The configuration steps that actually matter
Setting up SSO on the gateway side is well documented in Microsoft's official article, so I won't rehash it. The bits where we see teams stumble:
Don't use a personal account for the gateway service account. Use a dedicated service account with a long random password (or even better, a managed service account if your environment supports them). Personal accounts get disabled when people leave, passwords change, and your reports break.
Give the gateway service account "log on as a service" rights. Sounds obvious but it's a common omission, especially when corporate group policy doesn't grant it by default.
Configure the data source in the gateway with the SSO option turned on. There's a checkbox in the data source configuration in the gateway management portal. It's easy to miss. Without it, the gateway falls back to using its own credentials regardless of how much Kerberos setup you did.

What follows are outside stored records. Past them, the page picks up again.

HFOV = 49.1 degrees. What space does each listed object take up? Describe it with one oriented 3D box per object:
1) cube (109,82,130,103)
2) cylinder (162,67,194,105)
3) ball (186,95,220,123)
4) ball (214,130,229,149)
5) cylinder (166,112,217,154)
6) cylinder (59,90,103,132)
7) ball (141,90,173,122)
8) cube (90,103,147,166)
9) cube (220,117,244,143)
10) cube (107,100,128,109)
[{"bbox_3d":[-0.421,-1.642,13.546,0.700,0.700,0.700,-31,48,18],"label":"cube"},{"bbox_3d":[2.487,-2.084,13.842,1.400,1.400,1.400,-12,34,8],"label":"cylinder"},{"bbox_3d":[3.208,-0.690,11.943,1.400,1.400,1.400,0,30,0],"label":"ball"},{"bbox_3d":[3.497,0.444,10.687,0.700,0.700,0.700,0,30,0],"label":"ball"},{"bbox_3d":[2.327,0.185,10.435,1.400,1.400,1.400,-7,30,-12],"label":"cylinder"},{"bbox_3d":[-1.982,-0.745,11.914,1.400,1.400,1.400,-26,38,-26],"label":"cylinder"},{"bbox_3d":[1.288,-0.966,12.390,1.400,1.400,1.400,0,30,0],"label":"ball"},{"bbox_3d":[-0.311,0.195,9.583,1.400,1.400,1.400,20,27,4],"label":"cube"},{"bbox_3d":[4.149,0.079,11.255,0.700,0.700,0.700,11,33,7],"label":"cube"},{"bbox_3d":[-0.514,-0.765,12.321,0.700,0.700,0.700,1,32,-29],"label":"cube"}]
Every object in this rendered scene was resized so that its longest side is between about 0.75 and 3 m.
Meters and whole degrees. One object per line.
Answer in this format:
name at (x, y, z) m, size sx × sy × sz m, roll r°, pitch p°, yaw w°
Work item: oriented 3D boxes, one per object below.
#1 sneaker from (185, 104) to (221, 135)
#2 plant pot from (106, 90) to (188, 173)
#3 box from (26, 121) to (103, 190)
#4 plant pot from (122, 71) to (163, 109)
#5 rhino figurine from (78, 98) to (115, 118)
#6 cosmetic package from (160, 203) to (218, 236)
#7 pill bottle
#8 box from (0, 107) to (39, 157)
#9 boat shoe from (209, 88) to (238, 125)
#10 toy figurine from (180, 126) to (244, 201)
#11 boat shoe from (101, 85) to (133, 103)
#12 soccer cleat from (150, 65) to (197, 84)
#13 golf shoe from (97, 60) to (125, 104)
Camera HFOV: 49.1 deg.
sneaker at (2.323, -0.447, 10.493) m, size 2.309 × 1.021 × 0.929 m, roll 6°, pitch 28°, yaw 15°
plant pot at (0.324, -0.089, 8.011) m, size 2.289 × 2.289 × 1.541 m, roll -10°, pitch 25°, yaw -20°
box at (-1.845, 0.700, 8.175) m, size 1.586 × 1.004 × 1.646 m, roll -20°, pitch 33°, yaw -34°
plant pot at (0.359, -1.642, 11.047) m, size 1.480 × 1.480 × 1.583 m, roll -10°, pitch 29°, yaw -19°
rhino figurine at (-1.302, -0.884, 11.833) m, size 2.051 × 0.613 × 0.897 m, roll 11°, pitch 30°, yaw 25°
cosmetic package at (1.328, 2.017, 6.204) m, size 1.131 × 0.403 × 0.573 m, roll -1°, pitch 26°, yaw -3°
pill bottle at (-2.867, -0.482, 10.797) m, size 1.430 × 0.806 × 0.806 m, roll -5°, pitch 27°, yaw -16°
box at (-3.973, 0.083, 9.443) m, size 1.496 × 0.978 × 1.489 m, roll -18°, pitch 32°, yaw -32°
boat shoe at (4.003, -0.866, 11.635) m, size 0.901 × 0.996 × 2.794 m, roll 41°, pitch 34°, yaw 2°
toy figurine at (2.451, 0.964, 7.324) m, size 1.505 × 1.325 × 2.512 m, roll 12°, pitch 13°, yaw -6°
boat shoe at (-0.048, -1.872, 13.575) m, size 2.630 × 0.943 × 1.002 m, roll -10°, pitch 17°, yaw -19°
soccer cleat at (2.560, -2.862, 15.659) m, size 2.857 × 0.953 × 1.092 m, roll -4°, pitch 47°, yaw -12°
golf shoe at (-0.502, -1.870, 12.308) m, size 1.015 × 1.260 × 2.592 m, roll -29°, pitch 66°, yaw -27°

Test with a real user, not yourself as gateway admin. Gateway admins often have elevated permissions that mask SSO problems. Get a test user from outside your team to try a report end-to-end. If it works for them, it'll work for everyone.
For Power BI work across Australian organisations, we've made this part of our standard checklist. It's the difference between a deployment that quietly works and one that gets a support ticket every week.

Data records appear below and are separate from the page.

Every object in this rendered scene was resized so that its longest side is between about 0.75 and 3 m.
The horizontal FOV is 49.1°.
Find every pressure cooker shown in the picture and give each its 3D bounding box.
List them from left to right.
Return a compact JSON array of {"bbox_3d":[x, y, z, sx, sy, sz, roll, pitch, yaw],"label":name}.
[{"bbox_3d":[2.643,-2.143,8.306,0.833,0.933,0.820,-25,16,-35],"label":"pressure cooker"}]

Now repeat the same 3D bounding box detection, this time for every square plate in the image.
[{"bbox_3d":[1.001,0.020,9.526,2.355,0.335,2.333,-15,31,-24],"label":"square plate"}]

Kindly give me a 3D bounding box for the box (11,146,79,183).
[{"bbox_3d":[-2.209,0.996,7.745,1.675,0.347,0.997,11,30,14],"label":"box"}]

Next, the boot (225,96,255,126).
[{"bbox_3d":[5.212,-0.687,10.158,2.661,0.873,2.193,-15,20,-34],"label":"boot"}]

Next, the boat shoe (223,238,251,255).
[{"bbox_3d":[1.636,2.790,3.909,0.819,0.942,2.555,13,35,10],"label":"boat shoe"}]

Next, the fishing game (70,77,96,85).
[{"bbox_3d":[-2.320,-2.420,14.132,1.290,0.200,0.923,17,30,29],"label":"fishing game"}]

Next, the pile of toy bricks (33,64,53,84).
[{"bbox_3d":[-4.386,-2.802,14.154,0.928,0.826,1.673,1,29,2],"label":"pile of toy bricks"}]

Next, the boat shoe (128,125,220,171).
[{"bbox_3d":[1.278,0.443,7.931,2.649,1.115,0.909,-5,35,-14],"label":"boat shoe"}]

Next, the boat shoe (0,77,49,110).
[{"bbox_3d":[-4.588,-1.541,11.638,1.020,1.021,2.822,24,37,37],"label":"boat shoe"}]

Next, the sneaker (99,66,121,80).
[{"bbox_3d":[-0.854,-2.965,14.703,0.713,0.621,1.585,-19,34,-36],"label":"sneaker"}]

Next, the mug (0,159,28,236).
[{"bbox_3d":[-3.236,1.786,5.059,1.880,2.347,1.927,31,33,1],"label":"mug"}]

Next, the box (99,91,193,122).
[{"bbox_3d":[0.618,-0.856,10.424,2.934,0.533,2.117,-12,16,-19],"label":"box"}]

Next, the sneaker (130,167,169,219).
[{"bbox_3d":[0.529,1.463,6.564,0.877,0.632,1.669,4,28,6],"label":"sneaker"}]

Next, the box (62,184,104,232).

Performance considerations nobody mentions
SSO adds latency. Every query the gateway runs now involves a Kerberos ticket exchange instead of reusing a cached service account connection. For reports that hammer the gateway with hundreds of queries on page load, this adds up.
The gateway maintains a connection pool, so the ticket exchange happens once per user per data source, not per query. But the first query a user runs in a session is noticeably slower than with shared-account auth. For reports that are loaded by many users sporadically, this hurts perceived performance.
A few mitigations:
Use import mode where you can. SSO is mostly relevant for DirectQuery and live connections. Import mode does the query once during refresh and then serves all users from the imported dataset, so SSO isn't part of the query path. If your data refresh frequency tolerates it, import is faster end-to-end.

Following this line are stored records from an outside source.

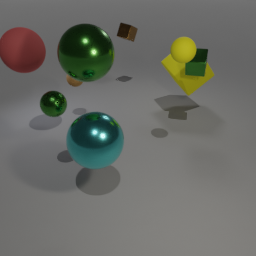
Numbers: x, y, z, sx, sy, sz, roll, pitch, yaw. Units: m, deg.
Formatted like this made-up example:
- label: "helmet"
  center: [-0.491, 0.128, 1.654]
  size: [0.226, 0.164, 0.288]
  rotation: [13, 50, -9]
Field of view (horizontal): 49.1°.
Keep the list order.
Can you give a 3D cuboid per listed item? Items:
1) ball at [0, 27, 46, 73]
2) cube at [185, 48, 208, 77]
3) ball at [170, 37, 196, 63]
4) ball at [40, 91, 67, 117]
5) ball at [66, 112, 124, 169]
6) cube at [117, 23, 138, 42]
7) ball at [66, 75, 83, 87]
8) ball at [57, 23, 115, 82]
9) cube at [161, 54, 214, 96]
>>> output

Aggregations. For hybrid scenarios where some queries need DirectQuery and some can be cached, Power BI's aggregation features let you keep the high-volume queries fast while preserving SSO for the detail-level drill-throughs.
Right-size the gateway VM. SSO is more CPU-intensive than shared auth because of the encryption work. If your gateway is on a small VM and you turn on SSO for a heavily-used dataset, you'll see CPU spike. Monitor it. We typically recommend monitoring gateway performance as part of any production Power BI deployment.
When to invest in SSO and when to skip it
If you're a small-to-mid Australian business with one Power BI workspace, a handful of reports, and no row-level security requirements, gateway SSO is probably overkill. The shared service account model is simpler, faster to set up, and easier to maintain. The audit trail concerns are real but often addressable through other means.
If you're an enterprise with compliance requirements, multi-tenant data, or a security team that demands per-user accountability for database queries, SSO is the right call. Budget for the AD work, get your Kerberos done properly the first time, and document the configuration so the next person to touch it doesn't have to reverse-engineer the SPN setup from scratch.
We help clients make this call as part of our broader Microsoft Fabric and Power BI consulting work. The answer depends on more than the technology - it's about who owns the gateway, how often the data sources change, and what your audit posture needs to be.
Reference: Use SSO for DirectQuery in the Power BI service from the Power BI documentation.